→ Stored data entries

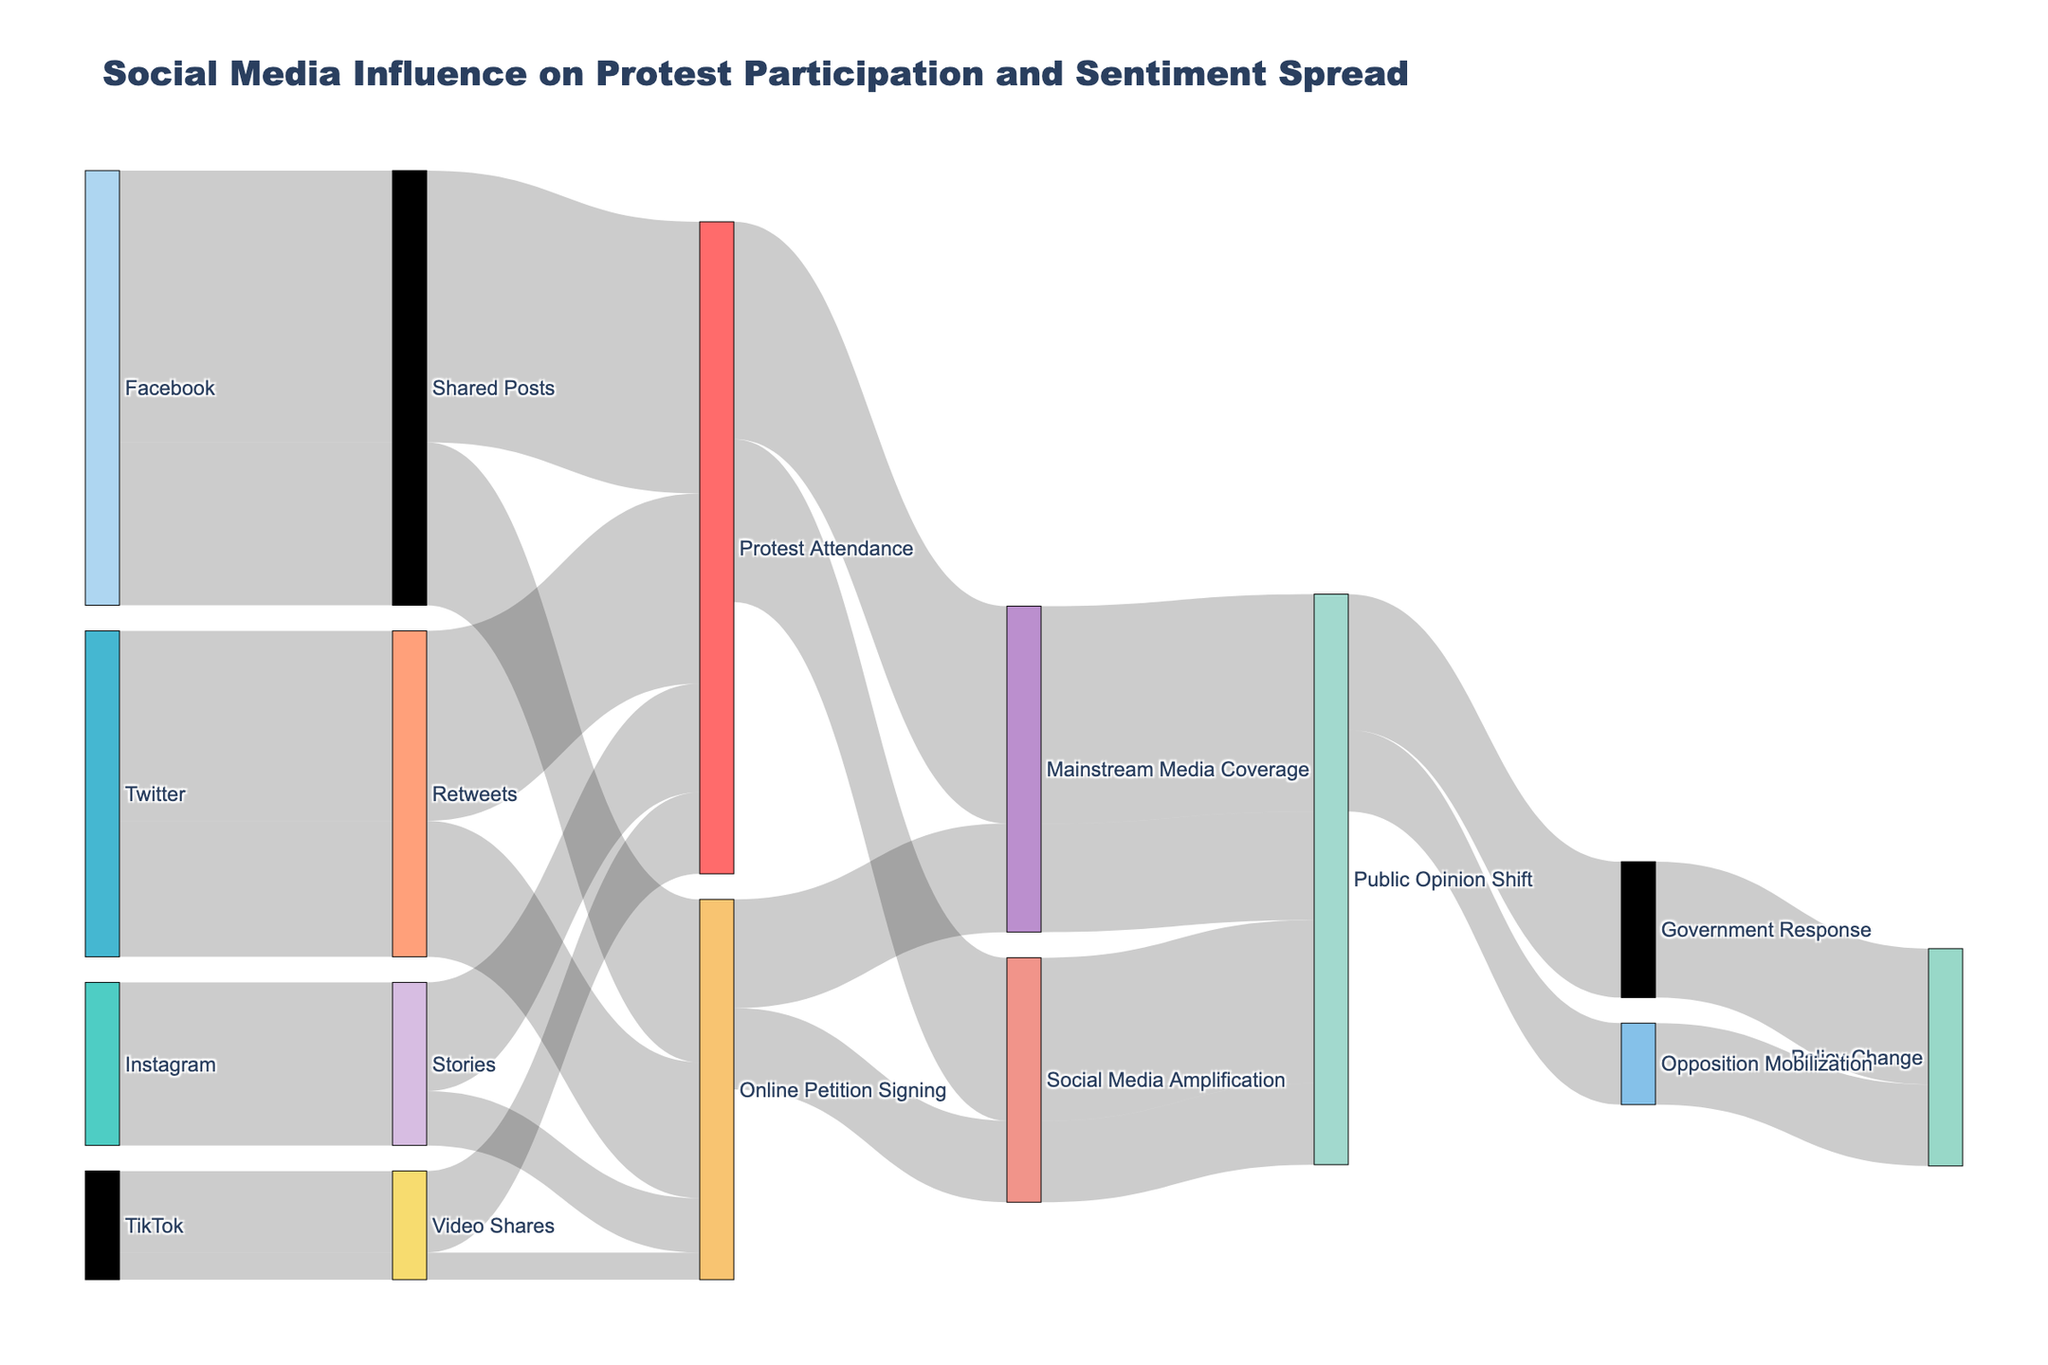What's the title of the figure? The title is displayed at the top of the figure in a larger font size. It provides an overview of what the diagram represents.
Answer: Social Media Influence on Protest Participation and Sentiment Spread How many social media platforms are included in the diagram? By looking at the sources on the left side of the figure, we can count the distinct social media platforms.
Answer: 4 Which social media platform has the highest influence on protest attendance? By comparing the values linked to "Protest Attendance" from each social media platform, we can identify the one with the highest number.
Answer: Facebook What is the combined value of Twitter's influence on protest attendance and online petition signing? We need to sum the value from Twitter to "Protest Attendance" and "Online Petition Signing". This is 3500 (Protest Attendance) + 2500 (Online Petition Signing).
Answer: 6000 Which intermediate step has the least influence on public opinion shift? By comparing the values from each intermediate step to "Public Opinion Shift," we can identify the one with the smallest number.
Answer: Online Petition Signing via Social Media Amplification What is the total value of the flows from "Public Opinion Shift" to "Policy Change"? We add the values of "Public Opinion Shift" leading to "Government Response" and "Opposition Mobilization". This is 2500 (Government Response) + 1500 (Opposition Mobilization).
Answer: 4000 Which has a greater influence on public opinion shift: mainstream media coverage or social media amplification? We compare the total values from "Mainstream Media Coverage" to "Public Opinion Shift" and "Social Media Amplification" to "Public Opinion Shift".
Answer: Mainstream Media Coverage What is the value difference between "Protest Attendance" and "Online Petition Signing" in influencing public opinion shift? We subtract the total value of "Online Petition Signing" from "Protest Attendance" affecting public opinion shift. (4000 + 3000) - (2000 + 1500) = 9500 - 3500
Answer: 6000 How does the influence of Facebook on protest attendance compare to that of TikTok? We compare the values directly linked to "Protest Attendance" from Facebook and TikTok.
Answer: Facebook has more influence 
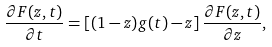Convert formula to latex. <formula><loc_0><loc_0><loc_500><loc_500>\frac { \partial F ( z , t ) } { \partial t } = \left [ ( 1 - z ) g ( t ) - z \right ] \frac { \partial F ( z , t ) } { \partial z } ,</formula> 
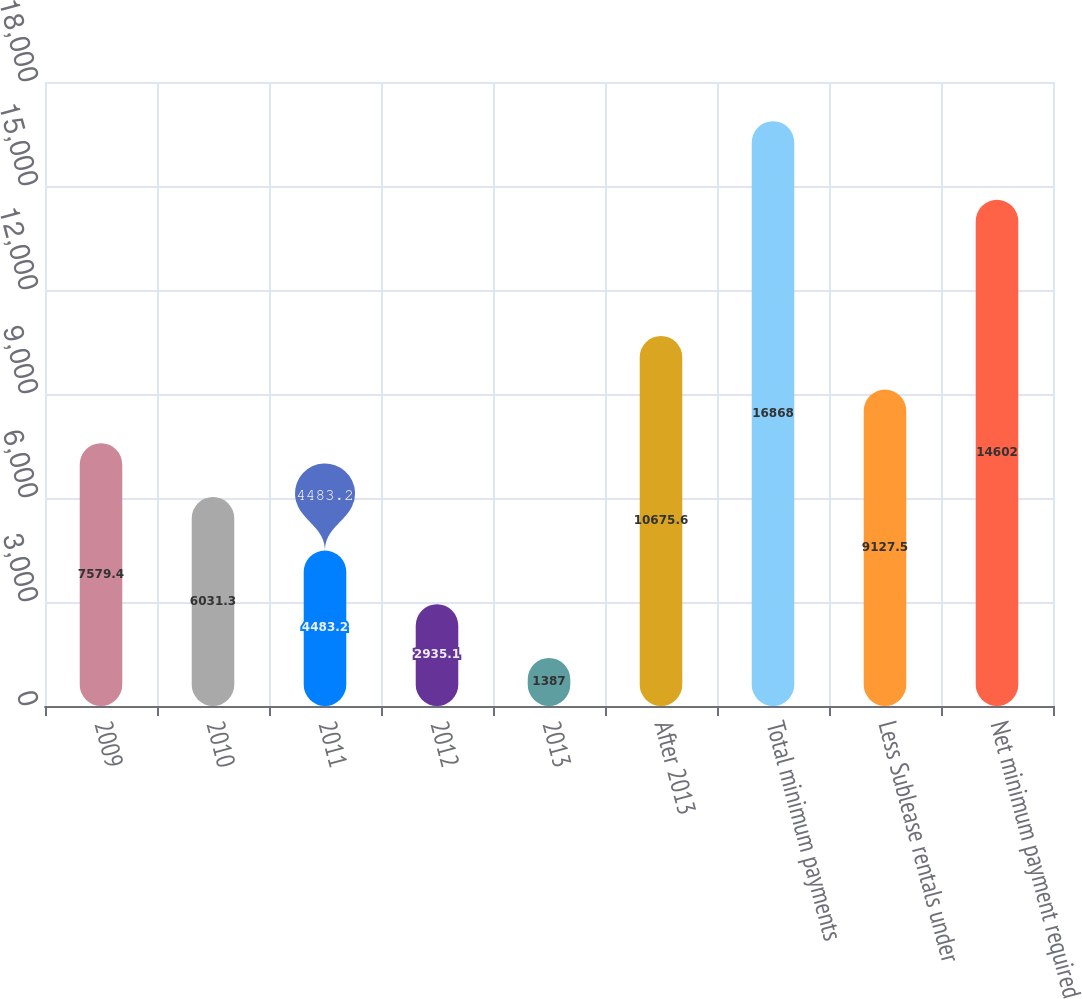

→ GOAL OF THE EXERCISE
From the entries above, write out only the lines starting at the line that holds "Answer: 4000 Which" and ending at the line that holds "Answer: Mainstream Media", keeping both and matching them exactly.

→ RESULT BELOW
Answer: 4000 Which has a greater influence on public opinion shift: mainstream media coverage or social media amplification? We compare the total values from "Mainstream Media Coverage" to "Public Opinion Shift" and "Social Media Amplification" to "Public Opinion Shift".
Answer: Mainstream Media Coverage What is the value difference between "Protest Attendance" and "Online Petition Signing" in influencing public opinion shift? We subtract the total value of "Online Petition Signing" from "Protest Attendance" affecting public opinion shift. (4000 + 3000) - (2000 + 1500) = 9500 - 3500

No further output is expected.